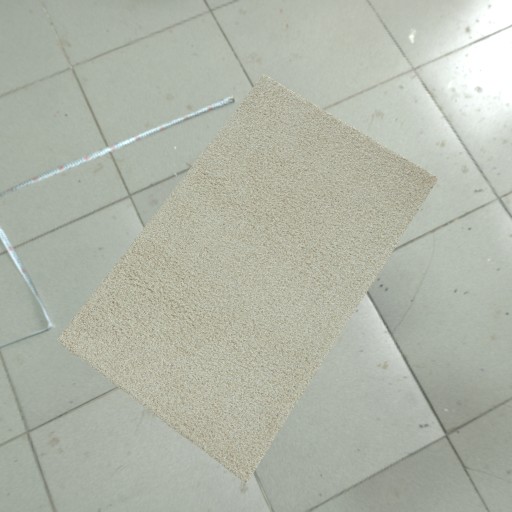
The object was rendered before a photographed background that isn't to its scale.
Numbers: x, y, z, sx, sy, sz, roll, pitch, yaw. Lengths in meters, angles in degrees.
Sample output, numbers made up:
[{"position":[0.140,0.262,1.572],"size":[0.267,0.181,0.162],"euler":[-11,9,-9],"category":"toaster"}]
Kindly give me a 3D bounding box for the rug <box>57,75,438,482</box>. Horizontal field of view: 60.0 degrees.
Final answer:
[{"position":[0.000,0.000,3.056],"size":[1.524,0.030,2.438],"euler":[34,78,8],"category":"rug"}]
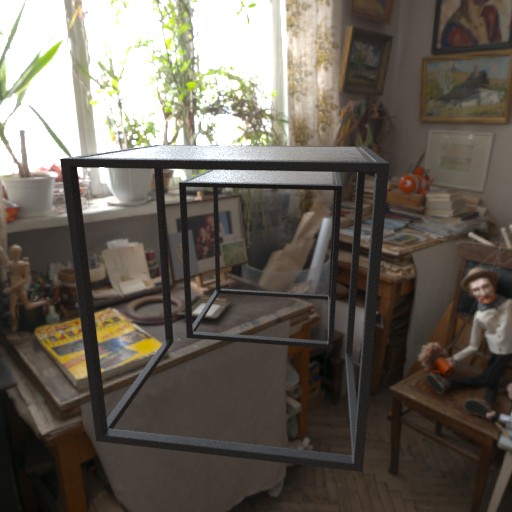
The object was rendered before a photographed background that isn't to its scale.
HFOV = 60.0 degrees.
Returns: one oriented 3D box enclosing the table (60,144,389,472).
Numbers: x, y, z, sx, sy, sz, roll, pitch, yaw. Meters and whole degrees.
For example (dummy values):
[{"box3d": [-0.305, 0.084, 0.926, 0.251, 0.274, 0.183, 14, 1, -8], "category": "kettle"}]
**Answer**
★ ★ ★ ★ ★
What you need to do –
Leave out the pictures and set down all of the data exactly.

Your solution –
The object was rendered before a photographed background that isn't to its scale.
Numbers: x, y, z, sx, sy, sz, roll, pitch, yaw. Lengths in meters, angles in degrees.
Sample output, numbers made up:
[{"position":[0.140,0.262,1.572],"size":[0.267,0.181,0.162],"euler":[-11,9,-9],"category":"toaster"}]
Kindly give me a 3D bounding box for the rug <box>57,75,438,482</box>. Horizontal field of view: 60.0 degrees.
Final answer:
[{"position":[0.000,0.000,3.056],"size":[1.524,0.030,2.438],"euler":[34,78,8],"category":"rug"}]
The object was rendered before a photographed background that isn't to its scale.
HFOV = 60.0 degrees.
Returns: one oriented 3D box enclosing the table (60,144,389,472).
Numbers: x, y, z, sx, sy, sz, roll, pitch, yaw. Meters and whole degrees.
For example (dummy values):
[{"box3d": [-0.305, 0.084, 0.926, 0.251, 0.274, 0.183, 14, 1, -8], "category": "kettle"}]
**Answer**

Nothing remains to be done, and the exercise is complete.